[Openmcl-devel] llvm backend

Gary Byers gb at clozure.com
Mon Mar 28 12:45:45 PDT 2011



On Mon, 28 Mar 2011, Jason E. Aten wrote:

> Open question -- I'm really enjoying Clozure CL.? I wonder how difficult it
> is to write a new backend?? I would like be to talk to the code
> generation/just-in-time compiler from LLVM, to be able to target GPUs and
> ARMs, among others, eventually.
>

Someone asked about porting to the SPARC on this list last year; the discussion
may be interesting:

<http://clozure.com/pipermail/openmcl-devel/2010-January/010930.html>

As it turns out, there's reason to believe that compiling C well and
compiling Lisp well are different things (even though there's some
overlap.)

The ARM port was started a few months after that; I think that it took
around 3 months, which was surprisingly quick.  The x86-64 and x86-32
ports had each taken around 6 months.  The ARM is a much saner
architecture (with an instruction set that seems to have been "designed"
rather than "allowed to happen"), and I think that that likely had something
to do with the effort involved in the port.

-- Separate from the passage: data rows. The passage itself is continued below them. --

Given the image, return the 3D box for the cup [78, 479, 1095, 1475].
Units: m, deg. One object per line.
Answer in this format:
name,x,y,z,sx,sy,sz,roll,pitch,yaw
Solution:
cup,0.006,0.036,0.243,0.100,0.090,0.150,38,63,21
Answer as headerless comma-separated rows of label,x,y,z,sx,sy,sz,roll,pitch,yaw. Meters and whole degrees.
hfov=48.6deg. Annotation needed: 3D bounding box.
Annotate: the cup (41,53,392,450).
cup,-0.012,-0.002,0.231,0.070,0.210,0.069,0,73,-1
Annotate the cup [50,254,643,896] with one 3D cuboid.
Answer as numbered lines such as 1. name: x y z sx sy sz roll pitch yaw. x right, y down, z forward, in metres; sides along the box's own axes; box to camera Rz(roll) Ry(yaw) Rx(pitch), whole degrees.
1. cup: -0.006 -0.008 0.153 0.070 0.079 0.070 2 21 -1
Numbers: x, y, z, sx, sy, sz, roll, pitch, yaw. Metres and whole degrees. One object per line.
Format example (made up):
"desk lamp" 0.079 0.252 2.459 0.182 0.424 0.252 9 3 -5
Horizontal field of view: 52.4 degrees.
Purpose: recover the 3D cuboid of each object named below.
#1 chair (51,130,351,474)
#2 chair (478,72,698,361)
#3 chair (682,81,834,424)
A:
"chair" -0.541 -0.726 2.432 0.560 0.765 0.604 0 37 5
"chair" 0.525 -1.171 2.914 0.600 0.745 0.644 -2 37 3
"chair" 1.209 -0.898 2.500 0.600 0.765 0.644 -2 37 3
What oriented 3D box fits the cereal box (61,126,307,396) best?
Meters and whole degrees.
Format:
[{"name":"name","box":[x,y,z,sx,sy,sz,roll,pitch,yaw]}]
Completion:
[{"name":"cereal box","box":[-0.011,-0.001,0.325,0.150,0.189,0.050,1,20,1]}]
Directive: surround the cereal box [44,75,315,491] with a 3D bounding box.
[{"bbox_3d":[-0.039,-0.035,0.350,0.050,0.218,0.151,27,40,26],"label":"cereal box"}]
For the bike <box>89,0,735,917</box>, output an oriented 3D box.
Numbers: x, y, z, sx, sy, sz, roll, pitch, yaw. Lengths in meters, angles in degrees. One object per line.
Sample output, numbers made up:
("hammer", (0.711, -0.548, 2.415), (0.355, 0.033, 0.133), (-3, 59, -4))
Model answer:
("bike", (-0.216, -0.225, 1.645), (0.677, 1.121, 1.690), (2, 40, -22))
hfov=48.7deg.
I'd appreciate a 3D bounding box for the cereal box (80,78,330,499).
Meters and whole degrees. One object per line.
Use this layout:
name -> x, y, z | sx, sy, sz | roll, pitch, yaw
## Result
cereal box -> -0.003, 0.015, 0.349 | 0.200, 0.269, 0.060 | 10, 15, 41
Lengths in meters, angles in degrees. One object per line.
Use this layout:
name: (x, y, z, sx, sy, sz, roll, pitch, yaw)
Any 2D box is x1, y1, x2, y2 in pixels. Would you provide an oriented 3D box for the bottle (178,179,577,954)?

Porting a lisp to a GPU makes only slightly more sense to me than porting
a lisp to an FPU.  (Yes there are differences and a GPU may be a lot closer
to it, buy neither is exactly a general-purpose computer.  You can download
GPU code into the unit and execute it - so the FPU analogy breaks down -
but you'd probably find that that code can do some things incredibly quickly
and that other things are incredibly awkward.)  You might be able to do
something that allows you to express certain kinds of algorithms in Lisp,
compile that code into machine code for a GPU, download that code, execute
it, and find that the GPU was fast enough to make that all worthwhile; that's
probably easier than it would be to figure out how to implement CONS reasonably
or how to implement OPEN at all.


> Is there an architectural overview of the code someplace?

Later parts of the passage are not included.